Your objective:
Look below for the line with "import org.slf4j.Logger;", then give it again exactly, along with every line that comes after it, the final line included.

==== Source data ====

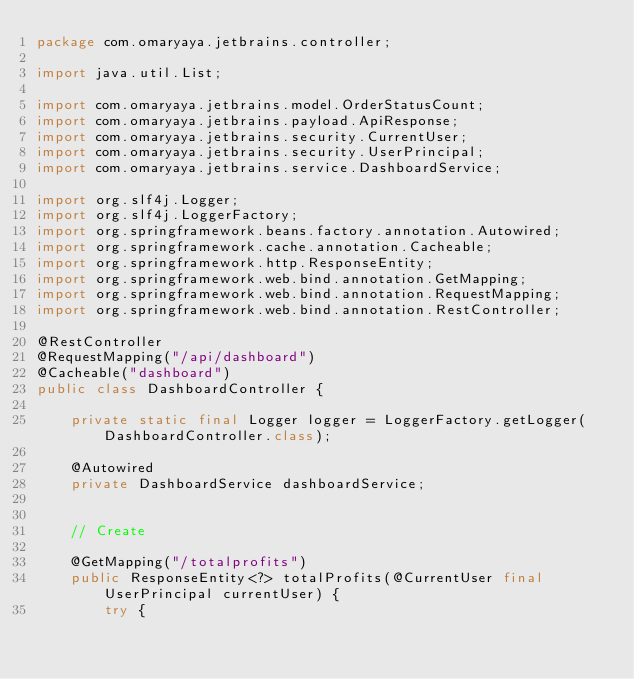Convert code to text. <code><loc_0><loc_0><loc_500><loc_500><_Java_>package com.omaryaya.jetbrains.controller;

import java.util.List;

import com.omaryaya.jetbrains.model.OrderStatusCount;
import com.omaryaya.jetbrains.payload.ApiResponse;
import com.omaryaya.jetbrains.security.CurrentUser;
import com.omaryaya.jetbrains.security.UserPrincipal;
import com.omaryaya.jetbrains.service.DashboardService;

import org.slf4j.Logger;
import org.slf4j.LoggerFactory;
import org.springframework.beans.factory.annotation.Autowired;
import org.springframework.cache.annotation.Cacheable;
import org.springframework.http.ResponseEntity;
import org.springframework.web.bind.annotation.GetMapping;
import org.springframework.web.bind.annotation.RequestMapping;
import org.springframework.web.bind.annotation.RestController;

@RestController
@RequestMapping("/api/dashboard")
@Cacheable("dashboard")
public class DashboardController {

    private static final Logger logger = LoggerFactory.getLogger(DashboardController.class);

    @Autowired
    private DashboardService dashboardService;

    
    // Create

    @GetMapping("/totalprofits")
    public ResponseEntity<?> totalProfits(@CurrentUser final UserPrincipal currentUser) {
        try {
</code>

====

Output for this exercise:
import org.slf4j.Logger;
import org.slf4j.LoggerFactory;
import org.springframework.beans.factory.annotation.Autowired;
import org.springframework.cache.annotation.Cacheable;
import org.springframework.http.ResponseEntity;
import org.springframework.web.bind.annotation.GetMapping;
import org.springframework.web.bind.annotation.RequestMapping;
import org.springframework.web.bind.annotation.RestController;

@RestController
@RequestMapping("/api/dashboard")
@Cacheable("dashboard")
public class DashboardController {

    private static final Logger logger = LoggerFactory.getLogger(DashboardController.class);

    @Autowired
    private DashboardService dashboardService;

    
    // Create

    @GetMapping("/totalprofits")
    public ResponseEntity<?> totalProfits(@CurrentUser final UserPrincipal currentUser) {
        try {
</code>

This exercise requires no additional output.